* Work order
Repeat exactly the lines of the entries below from the one with "Your answer should be compact. 16.97." through the one with "Keep it short and to the point. 27.78.", both ends included, and nothing else.

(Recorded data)
● ● ● ●

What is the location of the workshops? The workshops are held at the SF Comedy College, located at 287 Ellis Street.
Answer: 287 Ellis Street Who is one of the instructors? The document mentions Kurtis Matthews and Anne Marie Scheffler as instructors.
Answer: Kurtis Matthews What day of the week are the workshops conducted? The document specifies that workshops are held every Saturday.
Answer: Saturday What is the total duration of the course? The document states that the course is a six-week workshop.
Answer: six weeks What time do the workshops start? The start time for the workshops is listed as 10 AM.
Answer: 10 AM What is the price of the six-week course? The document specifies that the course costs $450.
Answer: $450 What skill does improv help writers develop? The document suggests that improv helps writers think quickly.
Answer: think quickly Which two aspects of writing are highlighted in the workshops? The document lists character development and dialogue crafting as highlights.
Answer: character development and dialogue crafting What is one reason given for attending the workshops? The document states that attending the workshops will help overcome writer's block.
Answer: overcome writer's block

● ● ● ●

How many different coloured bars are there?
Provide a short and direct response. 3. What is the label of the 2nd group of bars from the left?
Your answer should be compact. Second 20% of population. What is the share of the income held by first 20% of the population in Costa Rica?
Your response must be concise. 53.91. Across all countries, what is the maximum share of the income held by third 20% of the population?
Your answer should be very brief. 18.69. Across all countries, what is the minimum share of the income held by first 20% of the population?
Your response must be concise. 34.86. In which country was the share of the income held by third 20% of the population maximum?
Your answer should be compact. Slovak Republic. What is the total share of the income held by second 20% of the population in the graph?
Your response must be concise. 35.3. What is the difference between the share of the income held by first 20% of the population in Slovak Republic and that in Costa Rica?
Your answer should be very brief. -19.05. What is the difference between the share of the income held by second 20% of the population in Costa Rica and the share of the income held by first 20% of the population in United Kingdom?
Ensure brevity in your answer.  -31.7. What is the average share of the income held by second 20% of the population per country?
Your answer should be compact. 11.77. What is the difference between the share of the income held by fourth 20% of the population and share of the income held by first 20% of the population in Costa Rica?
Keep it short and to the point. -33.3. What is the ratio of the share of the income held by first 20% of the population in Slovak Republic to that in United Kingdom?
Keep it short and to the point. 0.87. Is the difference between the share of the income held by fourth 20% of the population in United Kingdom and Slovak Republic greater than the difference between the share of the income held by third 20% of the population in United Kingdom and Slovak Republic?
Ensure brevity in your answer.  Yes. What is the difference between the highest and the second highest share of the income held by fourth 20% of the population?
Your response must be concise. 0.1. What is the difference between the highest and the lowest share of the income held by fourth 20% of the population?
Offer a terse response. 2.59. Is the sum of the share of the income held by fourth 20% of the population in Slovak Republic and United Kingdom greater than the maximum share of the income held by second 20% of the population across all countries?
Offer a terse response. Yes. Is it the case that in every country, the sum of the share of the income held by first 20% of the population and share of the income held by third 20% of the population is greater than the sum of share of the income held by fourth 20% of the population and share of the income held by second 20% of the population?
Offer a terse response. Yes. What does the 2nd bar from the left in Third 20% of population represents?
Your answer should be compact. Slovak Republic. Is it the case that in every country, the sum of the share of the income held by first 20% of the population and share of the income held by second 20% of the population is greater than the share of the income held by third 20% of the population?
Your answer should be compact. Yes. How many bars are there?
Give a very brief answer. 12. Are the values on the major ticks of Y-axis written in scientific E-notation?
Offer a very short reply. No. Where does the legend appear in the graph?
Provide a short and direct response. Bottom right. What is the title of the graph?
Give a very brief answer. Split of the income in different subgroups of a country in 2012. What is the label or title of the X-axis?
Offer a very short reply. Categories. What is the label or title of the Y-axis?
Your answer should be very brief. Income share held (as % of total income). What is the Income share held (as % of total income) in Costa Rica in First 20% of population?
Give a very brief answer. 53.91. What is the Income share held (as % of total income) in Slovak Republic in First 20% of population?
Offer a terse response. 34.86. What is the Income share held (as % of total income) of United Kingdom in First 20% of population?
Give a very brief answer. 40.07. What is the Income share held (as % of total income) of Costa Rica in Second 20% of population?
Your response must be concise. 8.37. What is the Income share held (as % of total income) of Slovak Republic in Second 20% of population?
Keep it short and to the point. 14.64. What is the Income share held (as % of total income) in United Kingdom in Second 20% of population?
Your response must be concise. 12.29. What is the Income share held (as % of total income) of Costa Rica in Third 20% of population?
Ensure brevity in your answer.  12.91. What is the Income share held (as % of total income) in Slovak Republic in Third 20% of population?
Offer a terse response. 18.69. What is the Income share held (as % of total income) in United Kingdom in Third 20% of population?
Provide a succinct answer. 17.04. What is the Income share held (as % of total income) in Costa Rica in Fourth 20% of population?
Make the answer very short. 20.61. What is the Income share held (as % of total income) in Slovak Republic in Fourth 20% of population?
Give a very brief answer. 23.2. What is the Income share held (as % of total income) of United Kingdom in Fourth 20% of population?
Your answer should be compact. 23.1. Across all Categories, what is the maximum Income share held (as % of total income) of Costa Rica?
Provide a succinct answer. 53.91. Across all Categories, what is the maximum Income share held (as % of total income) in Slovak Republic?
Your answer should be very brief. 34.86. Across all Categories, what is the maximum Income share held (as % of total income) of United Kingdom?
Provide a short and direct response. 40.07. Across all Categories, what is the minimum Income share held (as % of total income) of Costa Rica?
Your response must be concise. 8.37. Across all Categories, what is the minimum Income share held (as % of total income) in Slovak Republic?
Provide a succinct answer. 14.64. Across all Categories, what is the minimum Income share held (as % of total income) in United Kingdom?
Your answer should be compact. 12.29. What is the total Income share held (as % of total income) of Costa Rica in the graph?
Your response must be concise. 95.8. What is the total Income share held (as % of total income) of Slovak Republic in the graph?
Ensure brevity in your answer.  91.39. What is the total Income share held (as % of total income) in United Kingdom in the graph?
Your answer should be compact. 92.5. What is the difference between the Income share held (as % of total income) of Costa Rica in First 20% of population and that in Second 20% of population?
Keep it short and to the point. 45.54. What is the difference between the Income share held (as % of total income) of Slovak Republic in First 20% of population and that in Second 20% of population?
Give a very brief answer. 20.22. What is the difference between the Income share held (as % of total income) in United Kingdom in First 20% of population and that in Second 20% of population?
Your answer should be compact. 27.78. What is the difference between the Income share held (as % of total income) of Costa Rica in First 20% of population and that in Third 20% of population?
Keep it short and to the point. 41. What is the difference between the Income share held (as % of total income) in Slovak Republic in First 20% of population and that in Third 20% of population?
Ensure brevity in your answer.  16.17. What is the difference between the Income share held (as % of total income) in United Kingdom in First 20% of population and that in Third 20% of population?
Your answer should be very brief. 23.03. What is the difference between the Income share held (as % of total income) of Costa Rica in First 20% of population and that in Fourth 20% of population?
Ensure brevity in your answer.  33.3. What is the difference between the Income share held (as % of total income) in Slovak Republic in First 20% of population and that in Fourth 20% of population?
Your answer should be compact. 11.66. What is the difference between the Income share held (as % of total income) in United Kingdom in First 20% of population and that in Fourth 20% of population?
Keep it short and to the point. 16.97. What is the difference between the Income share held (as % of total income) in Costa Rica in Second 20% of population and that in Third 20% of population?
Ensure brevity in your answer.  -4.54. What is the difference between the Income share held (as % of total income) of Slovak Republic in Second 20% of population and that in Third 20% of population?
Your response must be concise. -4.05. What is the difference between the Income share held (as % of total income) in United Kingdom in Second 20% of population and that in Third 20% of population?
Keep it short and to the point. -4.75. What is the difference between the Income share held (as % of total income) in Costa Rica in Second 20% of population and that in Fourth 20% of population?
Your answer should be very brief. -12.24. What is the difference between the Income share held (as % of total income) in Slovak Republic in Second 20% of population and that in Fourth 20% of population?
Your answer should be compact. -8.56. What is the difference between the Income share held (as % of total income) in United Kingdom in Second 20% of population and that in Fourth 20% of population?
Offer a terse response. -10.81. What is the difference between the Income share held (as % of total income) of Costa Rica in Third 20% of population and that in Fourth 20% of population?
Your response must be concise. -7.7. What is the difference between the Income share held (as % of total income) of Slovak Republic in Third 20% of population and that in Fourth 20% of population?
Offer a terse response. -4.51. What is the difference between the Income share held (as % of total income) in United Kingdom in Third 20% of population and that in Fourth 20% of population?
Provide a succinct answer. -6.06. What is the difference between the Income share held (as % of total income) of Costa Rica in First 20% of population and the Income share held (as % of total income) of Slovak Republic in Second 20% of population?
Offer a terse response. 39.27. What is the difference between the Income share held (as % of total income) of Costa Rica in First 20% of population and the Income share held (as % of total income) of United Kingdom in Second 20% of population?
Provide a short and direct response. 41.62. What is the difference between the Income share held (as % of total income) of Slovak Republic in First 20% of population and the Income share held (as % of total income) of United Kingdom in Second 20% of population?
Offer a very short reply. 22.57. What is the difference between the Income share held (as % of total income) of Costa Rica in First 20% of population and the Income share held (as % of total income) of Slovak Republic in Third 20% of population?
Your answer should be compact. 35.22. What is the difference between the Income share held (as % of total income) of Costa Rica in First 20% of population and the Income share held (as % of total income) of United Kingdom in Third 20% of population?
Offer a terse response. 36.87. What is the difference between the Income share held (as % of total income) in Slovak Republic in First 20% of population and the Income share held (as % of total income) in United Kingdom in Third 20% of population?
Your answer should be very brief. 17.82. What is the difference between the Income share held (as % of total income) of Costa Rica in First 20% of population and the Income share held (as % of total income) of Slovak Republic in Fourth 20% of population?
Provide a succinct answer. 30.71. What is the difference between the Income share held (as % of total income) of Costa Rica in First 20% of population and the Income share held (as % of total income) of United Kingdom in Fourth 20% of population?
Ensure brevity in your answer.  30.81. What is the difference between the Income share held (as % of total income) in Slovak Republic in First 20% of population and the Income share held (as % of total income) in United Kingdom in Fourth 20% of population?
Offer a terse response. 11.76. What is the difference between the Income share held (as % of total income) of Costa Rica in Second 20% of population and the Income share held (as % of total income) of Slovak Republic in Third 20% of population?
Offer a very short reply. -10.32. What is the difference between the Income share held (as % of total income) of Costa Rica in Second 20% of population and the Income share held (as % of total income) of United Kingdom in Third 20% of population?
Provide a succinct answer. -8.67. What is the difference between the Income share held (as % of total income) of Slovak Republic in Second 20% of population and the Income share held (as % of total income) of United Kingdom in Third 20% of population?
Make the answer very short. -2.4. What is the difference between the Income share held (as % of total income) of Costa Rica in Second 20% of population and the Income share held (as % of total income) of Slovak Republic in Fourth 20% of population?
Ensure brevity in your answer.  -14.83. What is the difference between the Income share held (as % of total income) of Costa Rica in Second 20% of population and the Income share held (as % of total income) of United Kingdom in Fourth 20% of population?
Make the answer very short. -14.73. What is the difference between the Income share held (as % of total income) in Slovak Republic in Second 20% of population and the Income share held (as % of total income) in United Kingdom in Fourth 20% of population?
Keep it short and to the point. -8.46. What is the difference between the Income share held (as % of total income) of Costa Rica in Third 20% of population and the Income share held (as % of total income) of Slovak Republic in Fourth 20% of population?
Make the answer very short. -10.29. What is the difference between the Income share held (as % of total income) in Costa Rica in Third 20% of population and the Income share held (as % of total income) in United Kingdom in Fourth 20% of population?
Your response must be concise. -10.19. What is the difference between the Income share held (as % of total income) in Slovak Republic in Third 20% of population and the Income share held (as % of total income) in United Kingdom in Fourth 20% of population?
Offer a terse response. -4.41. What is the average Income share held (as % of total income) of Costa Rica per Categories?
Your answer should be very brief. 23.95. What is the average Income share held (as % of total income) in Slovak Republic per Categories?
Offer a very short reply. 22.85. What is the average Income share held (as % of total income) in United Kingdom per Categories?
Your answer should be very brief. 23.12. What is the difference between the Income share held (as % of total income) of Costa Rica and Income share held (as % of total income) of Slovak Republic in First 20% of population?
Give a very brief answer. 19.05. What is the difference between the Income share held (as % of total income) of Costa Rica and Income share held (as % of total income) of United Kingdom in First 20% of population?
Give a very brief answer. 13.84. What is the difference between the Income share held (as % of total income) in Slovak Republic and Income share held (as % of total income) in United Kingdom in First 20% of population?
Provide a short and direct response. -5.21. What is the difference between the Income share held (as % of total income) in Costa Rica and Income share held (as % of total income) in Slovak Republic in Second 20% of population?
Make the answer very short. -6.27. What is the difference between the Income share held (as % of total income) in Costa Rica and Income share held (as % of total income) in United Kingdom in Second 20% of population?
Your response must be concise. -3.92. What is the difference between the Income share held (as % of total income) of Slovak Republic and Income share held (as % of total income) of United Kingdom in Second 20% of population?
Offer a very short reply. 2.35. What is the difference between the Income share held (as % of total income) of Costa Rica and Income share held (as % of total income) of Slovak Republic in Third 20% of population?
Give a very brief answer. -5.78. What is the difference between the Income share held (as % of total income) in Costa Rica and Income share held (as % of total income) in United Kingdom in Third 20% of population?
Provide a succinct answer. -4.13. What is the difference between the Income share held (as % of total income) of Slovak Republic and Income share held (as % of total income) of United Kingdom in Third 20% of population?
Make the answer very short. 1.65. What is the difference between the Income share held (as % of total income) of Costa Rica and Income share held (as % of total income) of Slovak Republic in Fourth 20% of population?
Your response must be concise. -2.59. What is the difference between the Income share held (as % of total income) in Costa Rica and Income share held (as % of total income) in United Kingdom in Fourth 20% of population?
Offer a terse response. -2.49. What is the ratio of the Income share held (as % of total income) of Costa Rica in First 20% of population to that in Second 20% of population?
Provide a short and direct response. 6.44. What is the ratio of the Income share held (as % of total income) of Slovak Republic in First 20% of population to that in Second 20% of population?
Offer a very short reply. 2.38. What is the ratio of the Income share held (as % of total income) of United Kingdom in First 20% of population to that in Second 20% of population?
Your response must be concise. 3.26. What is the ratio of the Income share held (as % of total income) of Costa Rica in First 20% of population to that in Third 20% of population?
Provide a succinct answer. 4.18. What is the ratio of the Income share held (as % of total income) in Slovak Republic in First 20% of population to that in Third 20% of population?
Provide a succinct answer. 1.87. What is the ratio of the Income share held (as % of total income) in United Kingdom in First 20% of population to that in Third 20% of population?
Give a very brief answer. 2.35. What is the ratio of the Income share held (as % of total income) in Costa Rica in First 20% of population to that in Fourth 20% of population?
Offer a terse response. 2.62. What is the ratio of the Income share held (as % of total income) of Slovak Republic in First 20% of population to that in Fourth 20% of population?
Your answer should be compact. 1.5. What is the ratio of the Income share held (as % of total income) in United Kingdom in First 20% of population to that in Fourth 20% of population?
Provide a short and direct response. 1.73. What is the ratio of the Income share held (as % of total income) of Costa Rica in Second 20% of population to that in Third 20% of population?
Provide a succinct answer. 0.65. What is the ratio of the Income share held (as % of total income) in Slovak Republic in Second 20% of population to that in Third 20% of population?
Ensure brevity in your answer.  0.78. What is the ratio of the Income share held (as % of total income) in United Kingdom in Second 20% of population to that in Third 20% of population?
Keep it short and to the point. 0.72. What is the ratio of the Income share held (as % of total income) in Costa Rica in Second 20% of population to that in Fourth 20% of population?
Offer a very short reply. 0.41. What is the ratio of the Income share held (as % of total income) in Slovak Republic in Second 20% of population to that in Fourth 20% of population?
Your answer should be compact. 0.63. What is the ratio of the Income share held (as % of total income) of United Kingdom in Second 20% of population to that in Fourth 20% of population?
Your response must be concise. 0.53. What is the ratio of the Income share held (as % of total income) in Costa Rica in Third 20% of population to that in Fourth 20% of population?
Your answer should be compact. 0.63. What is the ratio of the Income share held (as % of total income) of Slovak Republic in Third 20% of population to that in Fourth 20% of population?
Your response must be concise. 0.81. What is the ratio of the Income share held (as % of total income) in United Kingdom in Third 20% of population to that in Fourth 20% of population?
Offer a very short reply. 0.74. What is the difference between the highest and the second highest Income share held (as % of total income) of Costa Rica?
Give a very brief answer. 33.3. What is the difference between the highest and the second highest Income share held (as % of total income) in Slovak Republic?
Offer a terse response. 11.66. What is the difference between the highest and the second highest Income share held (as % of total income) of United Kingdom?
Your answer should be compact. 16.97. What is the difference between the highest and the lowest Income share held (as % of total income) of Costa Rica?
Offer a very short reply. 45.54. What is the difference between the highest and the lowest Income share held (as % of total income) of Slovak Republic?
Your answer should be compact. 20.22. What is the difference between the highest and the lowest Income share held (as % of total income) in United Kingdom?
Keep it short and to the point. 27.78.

● ● ● ●

* Answer space
Your answer should be compact. 16.97. What is the difference between the highest and the lowest Income share held (as % of total income) of Costa Rica?
Offer a very short reply. 45.54. What is the difference between the highest and the lowest Income share held (as % of total income) of Slovak Republic?
Your answer should be compact. 20.22. What is the difference between the highest and the lowest Income share held (as % of total income) in United Kingdom?
Keep it short and to the point. 27.78.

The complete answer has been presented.